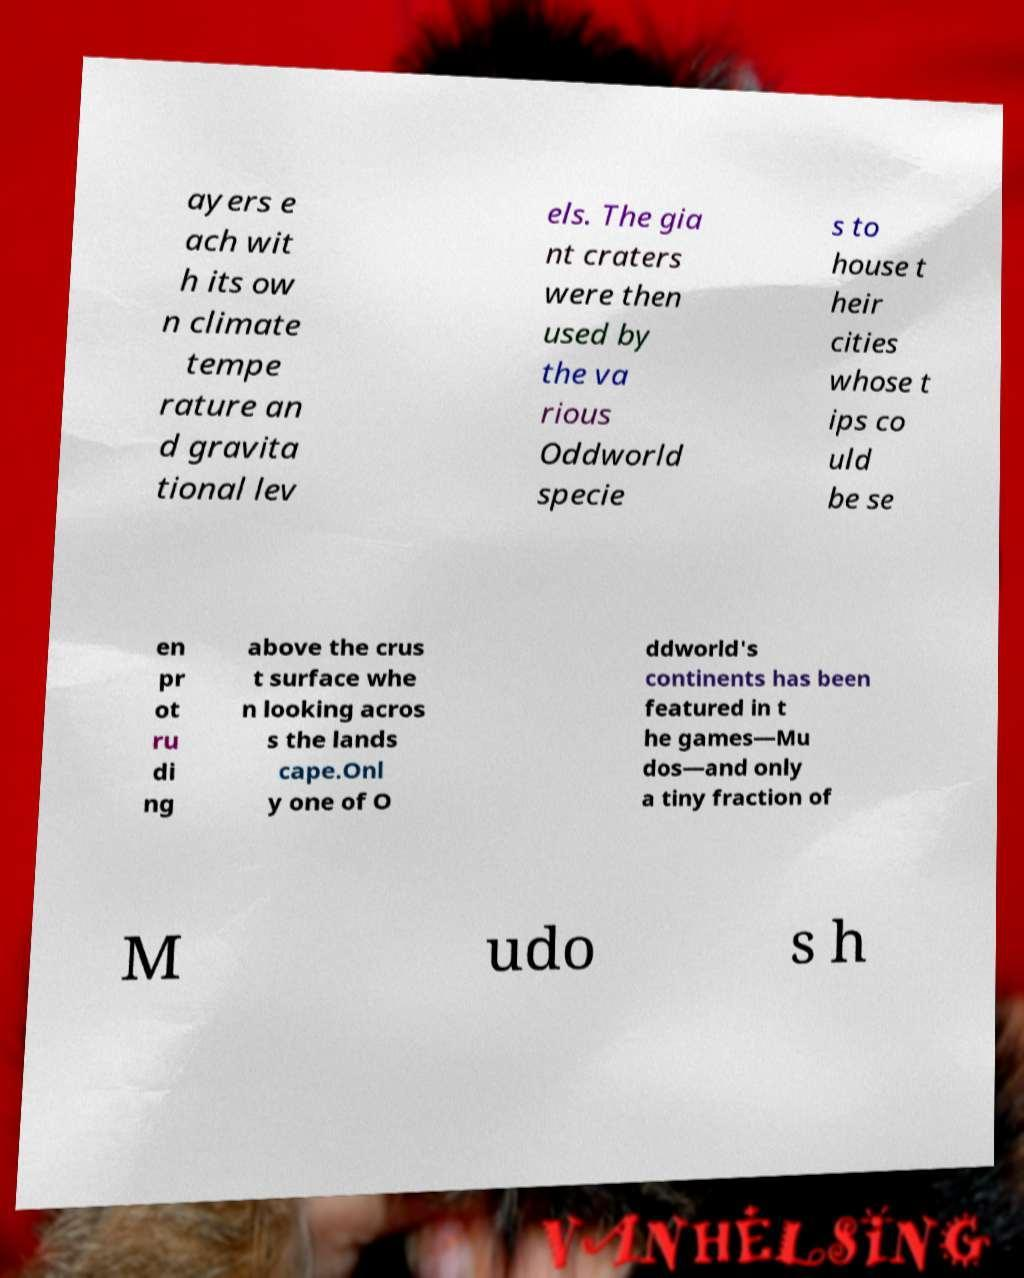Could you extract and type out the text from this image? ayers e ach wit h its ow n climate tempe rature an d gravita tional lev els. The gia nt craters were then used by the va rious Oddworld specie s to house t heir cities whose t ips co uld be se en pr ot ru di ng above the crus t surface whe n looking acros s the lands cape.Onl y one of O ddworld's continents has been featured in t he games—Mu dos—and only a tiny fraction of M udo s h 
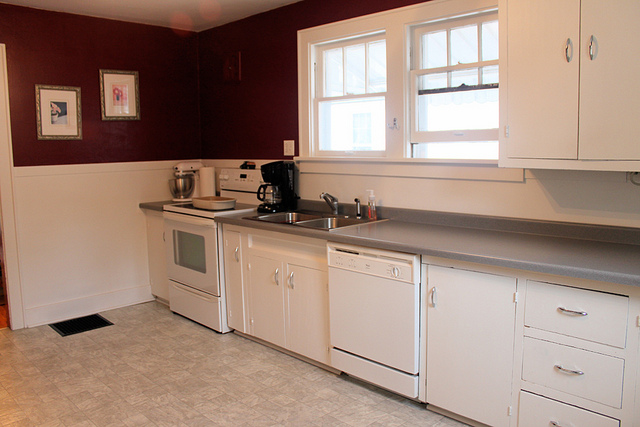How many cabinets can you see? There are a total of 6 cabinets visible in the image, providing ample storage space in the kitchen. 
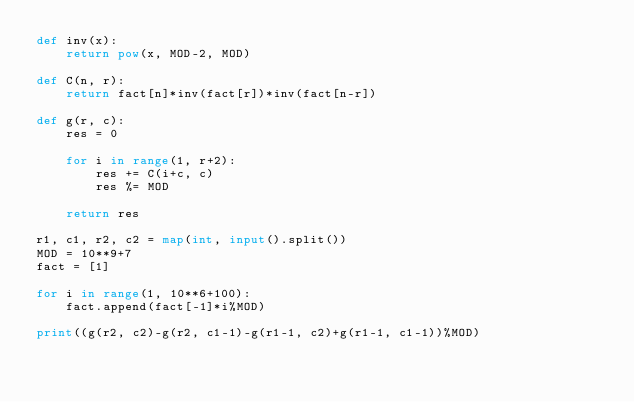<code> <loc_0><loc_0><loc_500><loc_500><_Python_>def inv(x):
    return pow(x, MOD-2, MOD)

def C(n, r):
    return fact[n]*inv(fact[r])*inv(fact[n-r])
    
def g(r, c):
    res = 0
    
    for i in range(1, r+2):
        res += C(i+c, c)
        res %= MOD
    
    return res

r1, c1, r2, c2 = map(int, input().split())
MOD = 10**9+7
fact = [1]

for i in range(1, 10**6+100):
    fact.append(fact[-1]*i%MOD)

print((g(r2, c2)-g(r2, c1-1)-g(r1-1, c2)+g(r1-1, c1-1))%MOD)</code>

Aim of the task: Output exactly the line containing "r1, c1, r2, c2 = map(int, input().split())" together with every line after it, ending at the final line of the entries.

The answer:
r1, c1, r2, c2 = map(int, input().split())
MOD = 10**9+7
fact = [1]

for i in range(1, 10**6+100):
    fact.append(fact[-1]*i%MOD)

print((g(r2, c2)-g(r2, c1-1)-g(r1-1, c2)+g(r1-1, c1-1))%MOD)</code>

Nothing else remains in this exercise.